Prospek dunia virtual yang dibangun di atas platform game dapat mengganggu ketenangan mereka yang melihat game digital sebagai pemborosan waktu terbaik dan pelatihan mendalam tentang perilaku antisosial paling buruk. Tapi ini pandangan yang ketinggalan jaman. Bahkan ada bukti yang menunjukkan bahwa memainkan permainan ini dapat memberikan efek yang menguntungkan, termasuk peningkatan keterampilan spasial, motivasi, dan konsep pembelajaran.
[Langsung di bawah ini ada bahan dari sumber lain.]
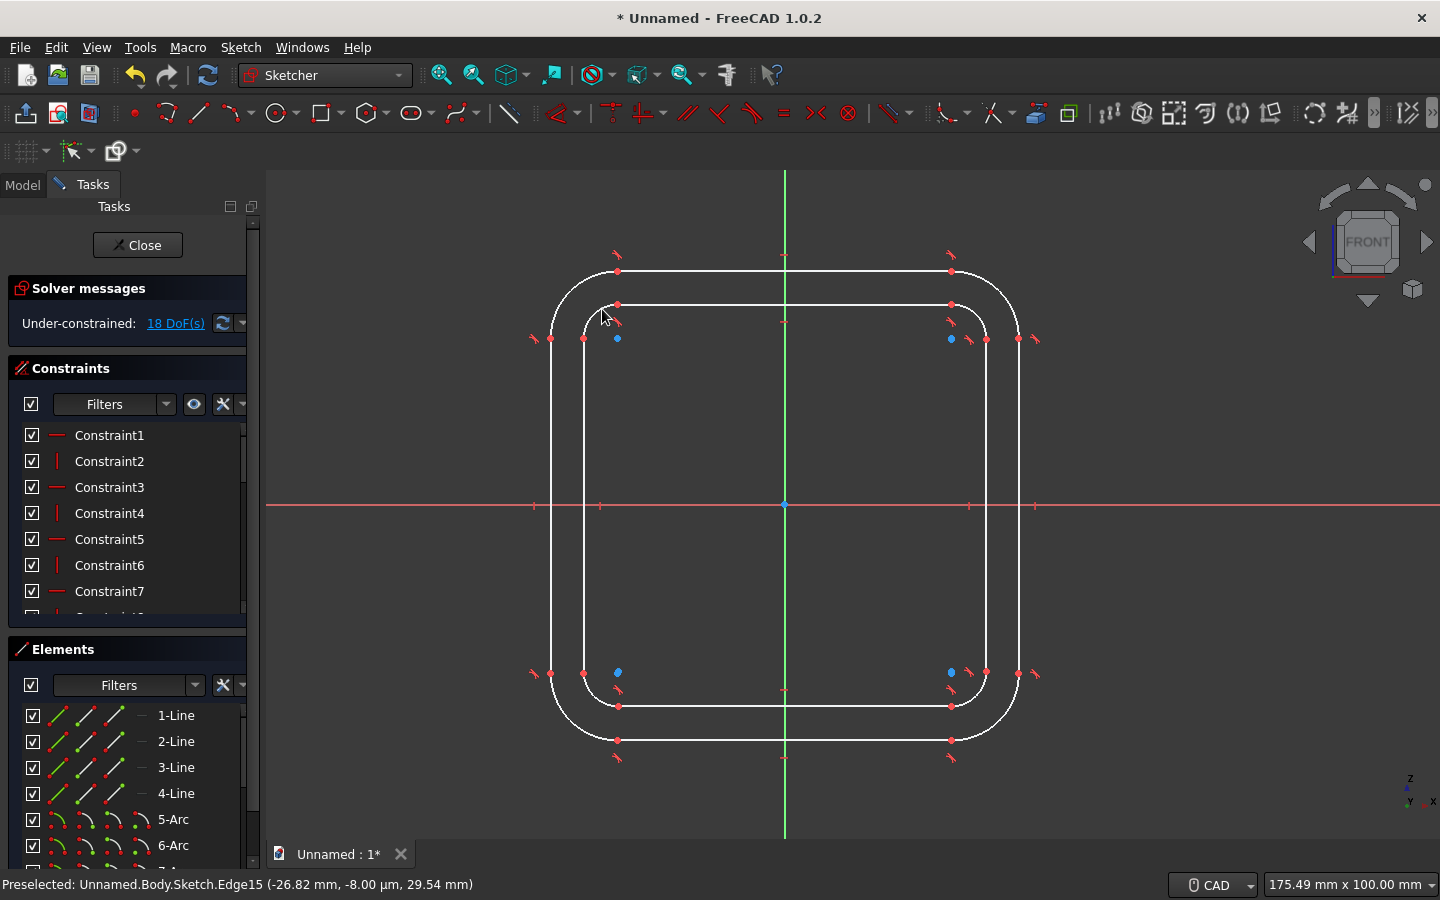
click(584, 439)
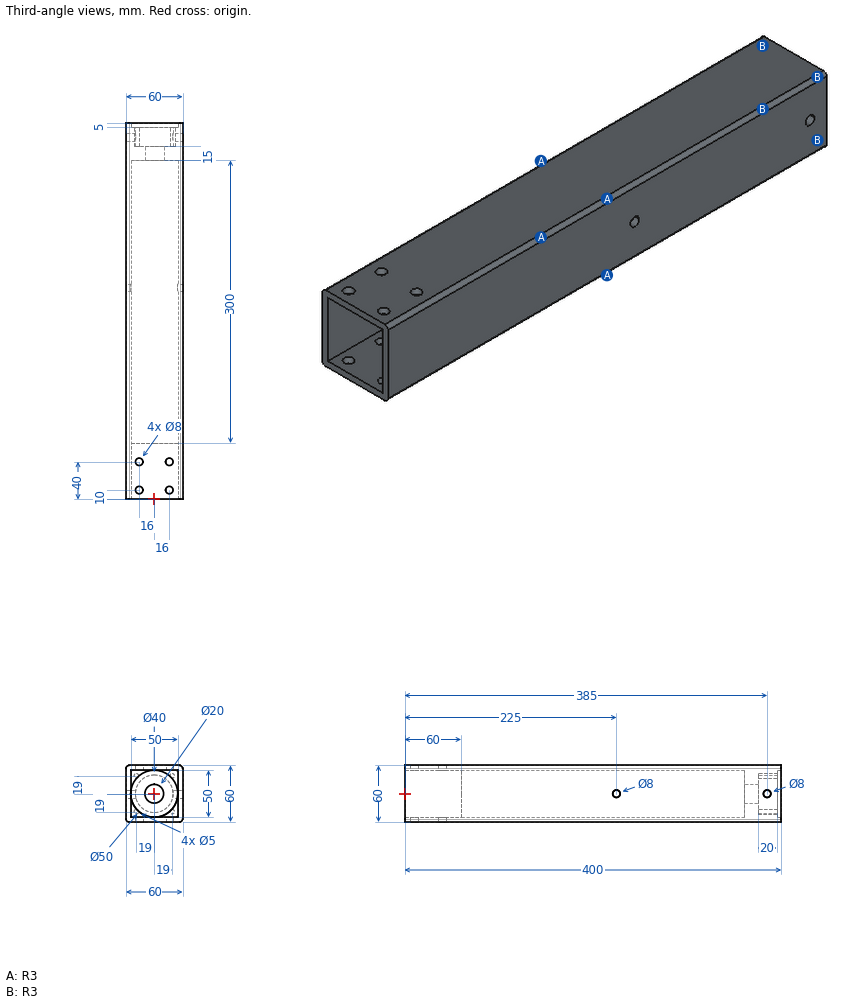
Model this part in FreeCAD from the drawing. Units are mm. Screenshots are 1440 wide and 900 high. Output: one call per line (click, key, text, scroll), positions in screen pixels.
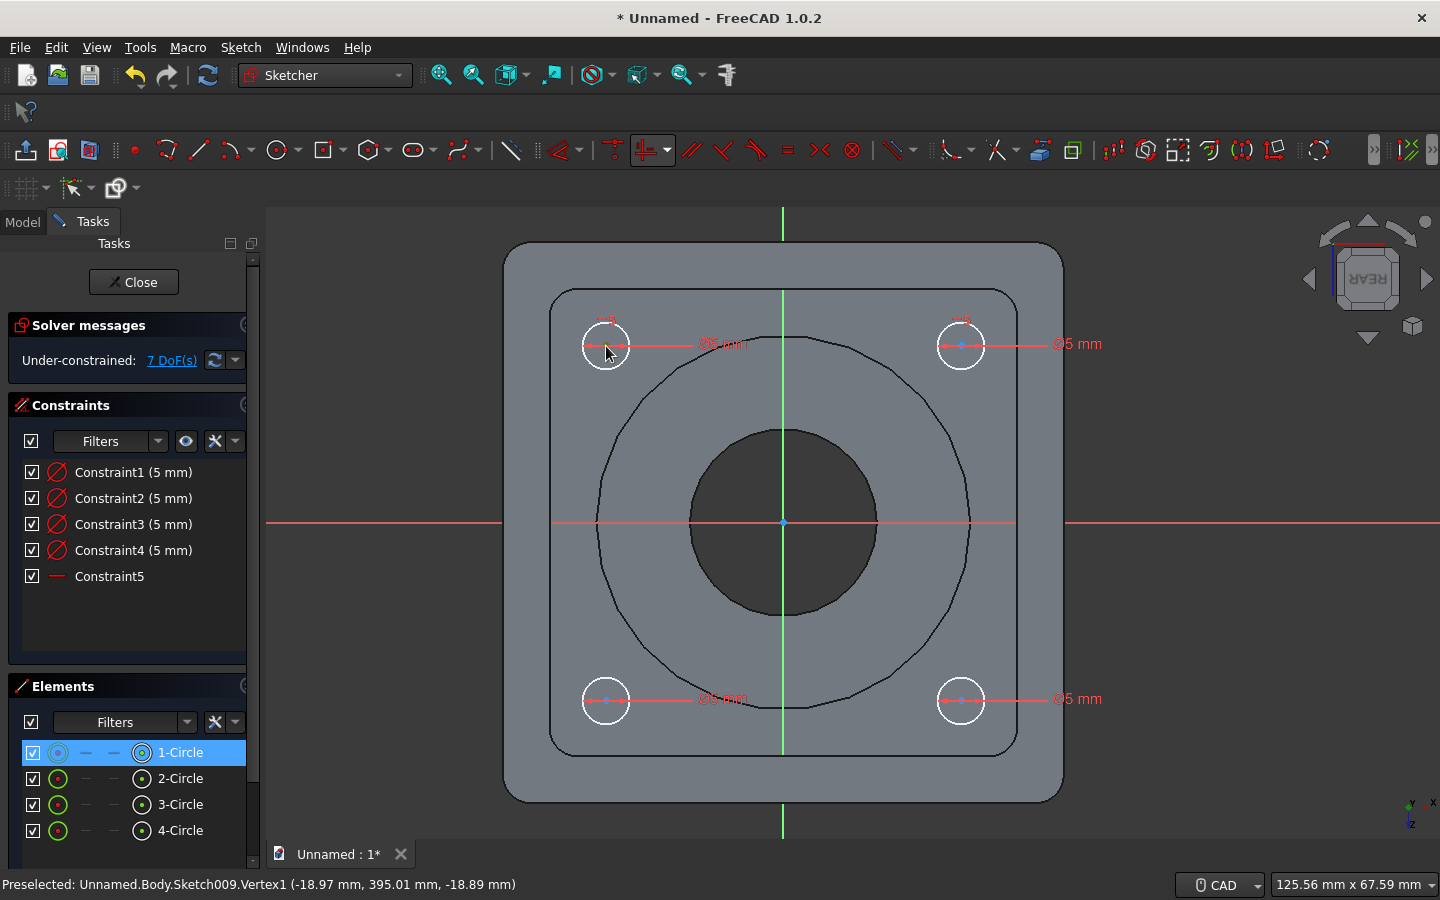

Apa yang mungkin dilakukan game adalah mengambil pengalaman jaringan online 2-D yang umum dan menambahkan dimensi ketiga yang lebih kaya. Hasilnya akan menjadi “dunia” yang sepenuhnya terwujud, di mana orang dapat bekerja, bermain, belajar, dan berbelanja dengan cara yang lebih imersif, serta mendorong interaksi sosial, kreativitas, dan inovasi yang lebih besar. [ ]
Ruchir Sharma, kepala strategi global di Morgan Stanley Investment Management.